On Fri, Jan 27, 2012 at 12:48 PM, Bruce Sherwood
<bruce.sherw...@gmail.com>wrote:

> There are real costs that someone must pay. A promising approach
> adopted by some physics journals is to have the authors pay, with
> readers having free access. NSF considers author publication fees a
> reasonable part of doing business, and physicists are including these
> costs in grant proposals. In some cases there are "scholarships" for
> truly needy submitters.
>
> Bruce


Just like Hollywood,  I do agree.  There are costs and I don't mind
reasonable payment methods.  Intelligent media folks worked with Apple for
DRM-free music, and are doing just fine.  Amazon's cloud music is quickly
catching up.  Google has just started a music business.  The payments are
reasonable and the cloud access even a step forward, adding true value.  In
the book world, Kindle/Amazon is working on lending ebooks to friends and
libraries as well as ubiquitous cloud access.

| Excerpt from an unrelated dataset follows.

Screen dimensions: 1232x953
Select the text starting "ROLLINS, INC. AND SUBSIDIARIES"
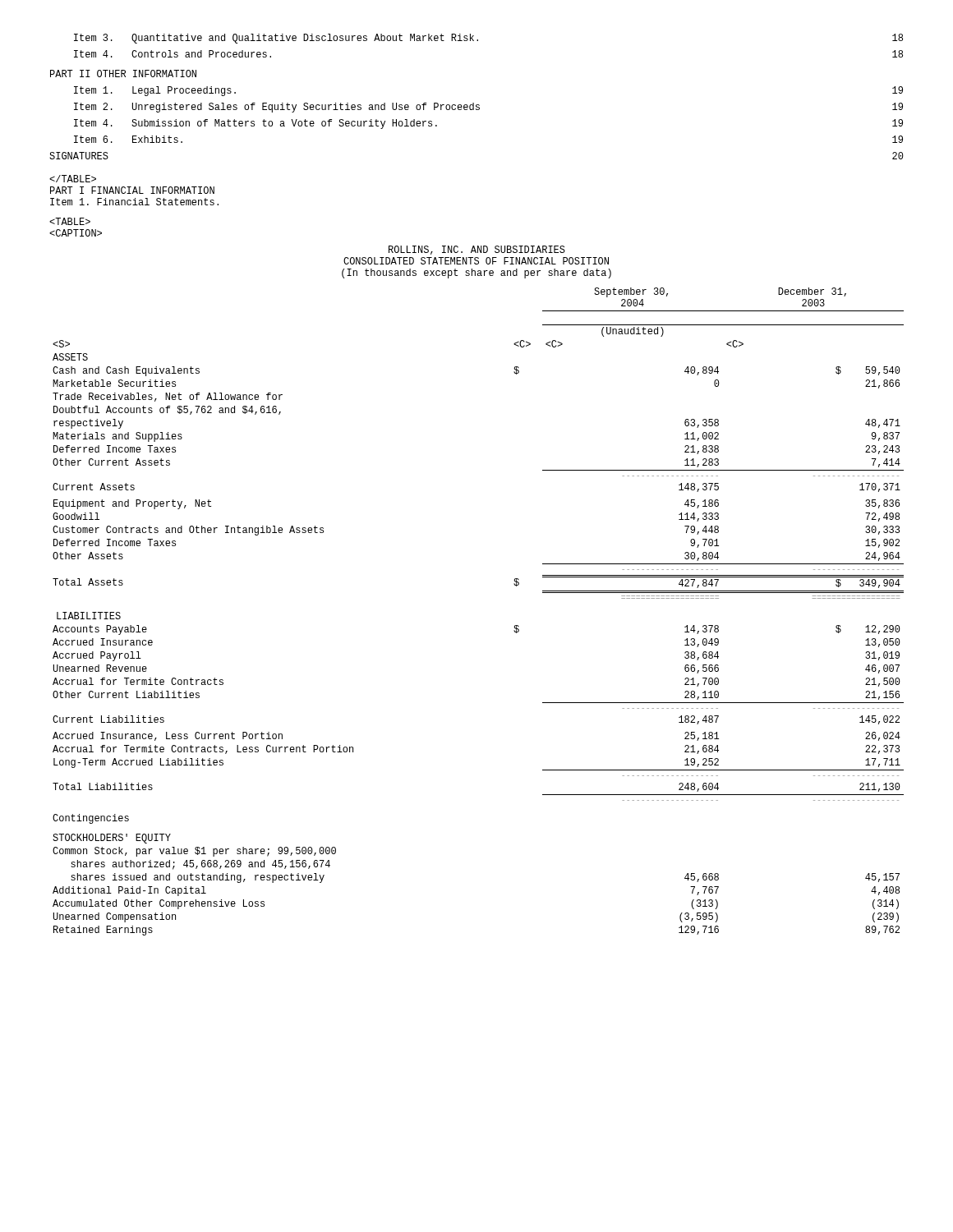tap(476, 262)
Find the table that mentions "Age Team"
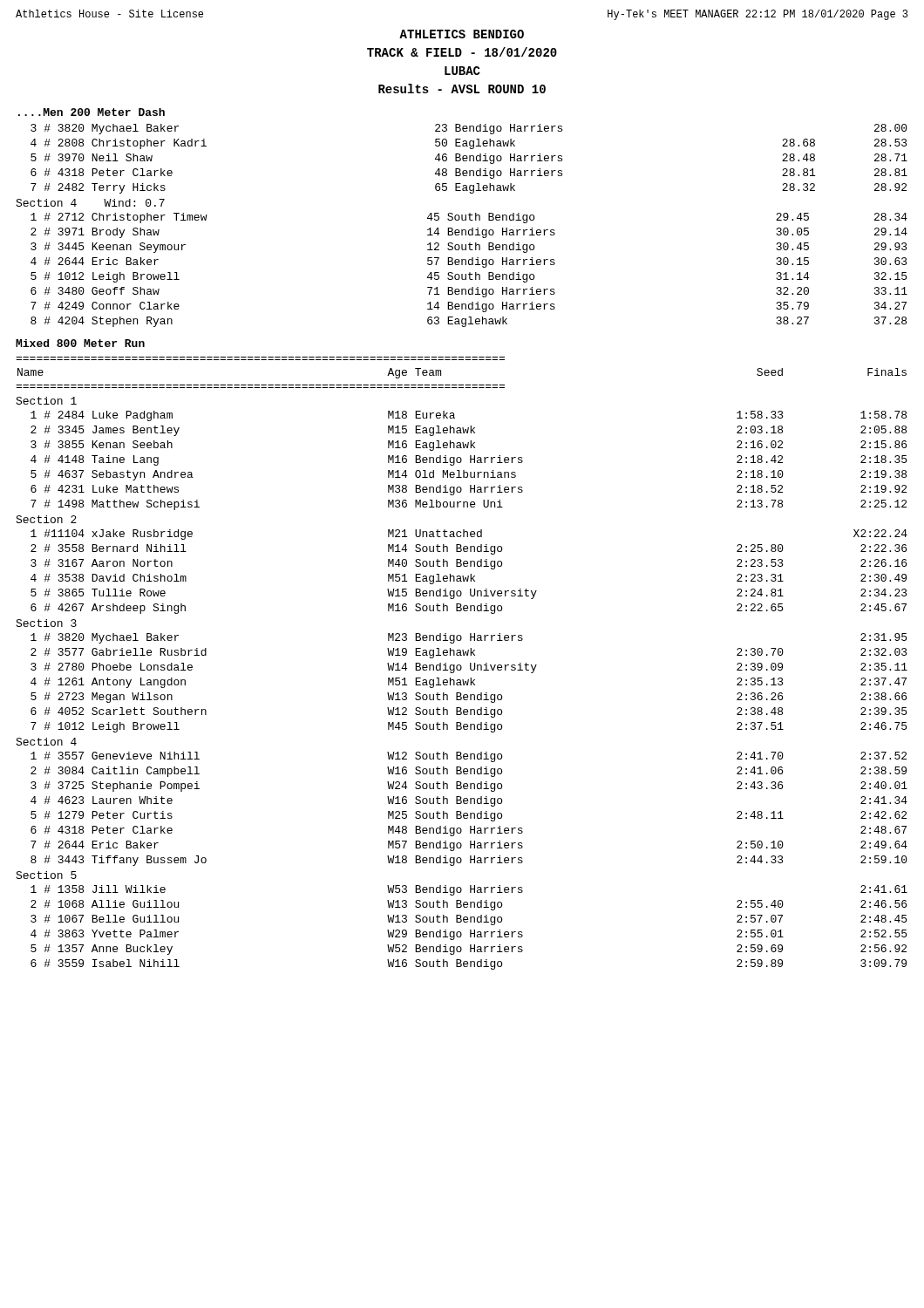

But for me the academic publishers are dinosaurs.  The most egregious is
ACM the computing publishers where even the Turing lectures are for sale!
 And no academic can possibly subscribe to all the journals touching on
their career.  They rely on their university having JSTOR access.

And just how much value does Elsevier (and others) add?  Certainly if you
want the paper version, or a digital subscription, of a journal that is key
to your work, fine.  But if you're only looking for a single computer
algorithm or mathematical proof, isn't $35 a bit over the top?

Basically I think academic publishers are failing to join the present day
while other publishers are finding ways to add value and have reasonable
prices.  I just hope they don't try to copy write all of Euler!